## EXERCISE DETAILS
Your answer should be a number only: the count of lines in the following entries that contain "object".
══ RECORDED INFORMATION
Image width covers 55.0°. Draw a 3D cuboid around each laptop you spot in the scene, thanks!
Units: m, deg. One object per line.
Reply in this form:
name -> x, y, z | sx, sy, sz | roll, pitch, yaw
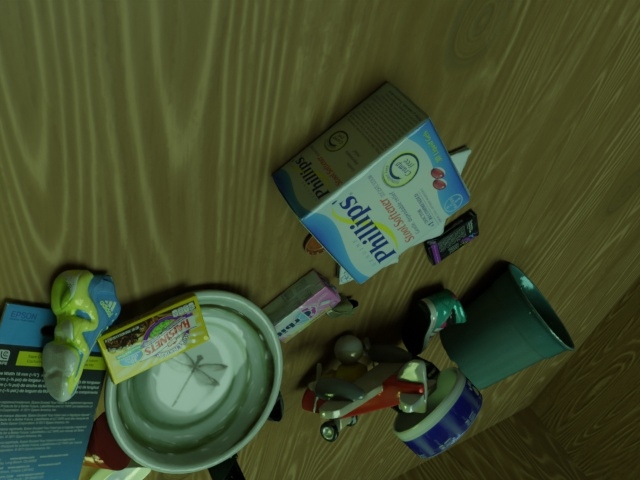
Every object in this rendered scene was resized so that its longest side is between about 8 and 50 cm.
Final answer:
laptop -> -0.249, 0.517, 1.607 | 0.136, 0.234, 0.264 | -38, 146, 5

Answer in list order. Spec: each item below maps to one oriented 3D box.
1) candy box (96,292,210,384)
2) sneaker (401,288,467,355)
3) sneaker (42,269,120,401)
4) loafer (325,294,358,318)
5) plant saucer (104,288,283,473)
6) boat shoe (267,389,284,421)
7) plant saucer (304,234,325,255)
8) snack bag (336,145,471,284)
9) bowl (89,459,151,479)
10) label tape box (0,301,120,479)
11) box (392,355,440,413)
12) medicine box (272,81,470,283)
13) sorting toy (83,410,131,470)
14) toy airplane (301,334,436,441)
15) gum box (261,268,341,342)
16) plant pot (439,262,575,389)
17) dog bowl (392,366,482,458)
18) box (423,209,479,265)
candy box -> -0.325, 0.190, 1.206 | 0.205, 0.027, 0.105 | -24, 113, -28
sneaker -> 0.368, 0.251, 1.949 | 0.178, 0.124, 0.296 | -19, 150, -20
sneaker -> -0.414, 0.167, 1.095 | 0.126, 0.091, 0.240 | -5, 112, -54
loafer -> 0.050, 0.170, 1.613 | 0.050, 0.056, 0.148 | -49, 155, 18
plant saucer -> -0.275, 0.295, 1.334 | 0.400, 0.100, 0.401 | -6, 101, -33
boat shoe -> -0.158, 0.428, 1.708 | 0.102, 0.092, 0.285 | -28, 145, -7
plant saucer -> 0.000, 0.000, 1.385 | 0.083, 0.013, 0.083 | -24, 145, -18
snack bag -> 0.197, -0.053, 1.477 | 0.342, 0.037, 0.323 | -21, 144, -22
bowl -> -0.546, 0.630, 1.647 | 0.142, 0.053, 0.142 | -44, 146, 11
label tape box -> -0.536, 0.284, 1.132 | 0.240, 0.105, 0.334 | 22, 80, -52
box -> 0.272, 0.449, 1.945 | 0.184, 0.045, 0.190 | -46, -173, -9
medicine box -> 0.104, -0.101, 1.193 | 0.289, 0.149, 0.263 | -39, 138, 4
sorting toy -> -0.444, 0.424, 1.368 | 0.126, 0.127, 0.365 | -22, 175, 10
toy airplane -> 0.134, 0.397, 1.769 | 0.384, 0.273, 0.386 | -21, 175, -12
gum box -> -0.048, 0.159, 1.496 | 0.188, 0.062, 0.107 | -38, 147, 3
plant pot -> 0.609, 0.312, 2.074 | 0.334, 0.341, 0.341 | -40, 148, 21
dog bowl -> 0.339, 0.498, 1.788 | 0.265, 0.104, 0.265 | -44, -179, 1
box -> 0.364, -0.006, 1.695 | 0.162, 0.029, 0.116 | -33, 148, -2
════
══ RECORDED INFORMATION
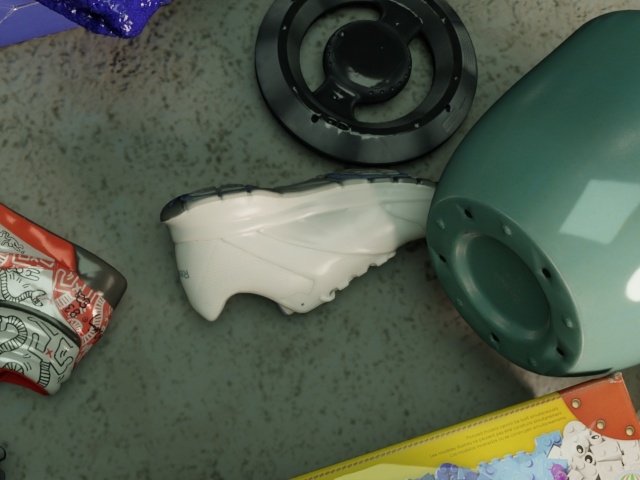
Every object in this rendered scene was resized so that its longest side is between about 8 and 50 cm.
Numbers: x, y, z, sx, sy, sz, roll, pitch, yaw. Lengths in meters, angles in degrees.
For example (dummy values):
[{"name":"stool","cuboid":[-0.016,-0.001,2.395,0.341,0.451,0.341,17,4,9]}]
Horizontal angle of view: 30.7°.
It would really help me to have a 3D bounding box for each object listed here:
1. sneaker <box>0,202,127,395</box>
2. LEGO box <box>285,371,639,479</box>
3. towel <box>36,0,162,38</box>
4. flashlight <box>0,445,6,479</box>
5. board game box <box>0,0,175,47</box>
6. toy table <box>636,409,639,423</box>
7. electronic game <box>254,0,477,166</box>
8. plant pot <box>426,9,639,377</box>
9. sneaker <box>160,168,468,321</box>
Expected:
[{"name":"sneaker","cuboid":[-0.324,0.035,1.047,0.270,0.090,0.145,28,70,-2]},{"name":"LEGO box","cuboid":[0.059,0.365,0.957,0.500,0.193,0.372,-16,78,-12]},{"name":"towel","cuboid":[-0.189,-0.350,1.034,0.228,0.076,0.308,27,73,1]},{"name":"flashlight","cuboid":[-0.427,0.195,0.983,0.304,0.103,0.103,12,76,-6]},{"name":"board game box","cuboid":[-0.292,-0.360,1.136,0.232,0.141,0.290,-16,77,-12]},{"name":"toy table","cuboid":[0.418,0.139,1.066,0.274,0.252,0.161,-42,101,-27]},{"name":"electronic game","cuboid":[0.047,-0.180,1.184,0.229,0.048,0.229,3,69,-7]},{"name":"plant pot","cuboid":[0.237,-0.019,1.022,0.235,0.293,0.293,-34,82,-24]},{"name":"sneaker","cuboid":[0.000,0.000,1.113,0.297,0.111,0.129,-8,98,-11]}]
════
## TASK ANSWER
4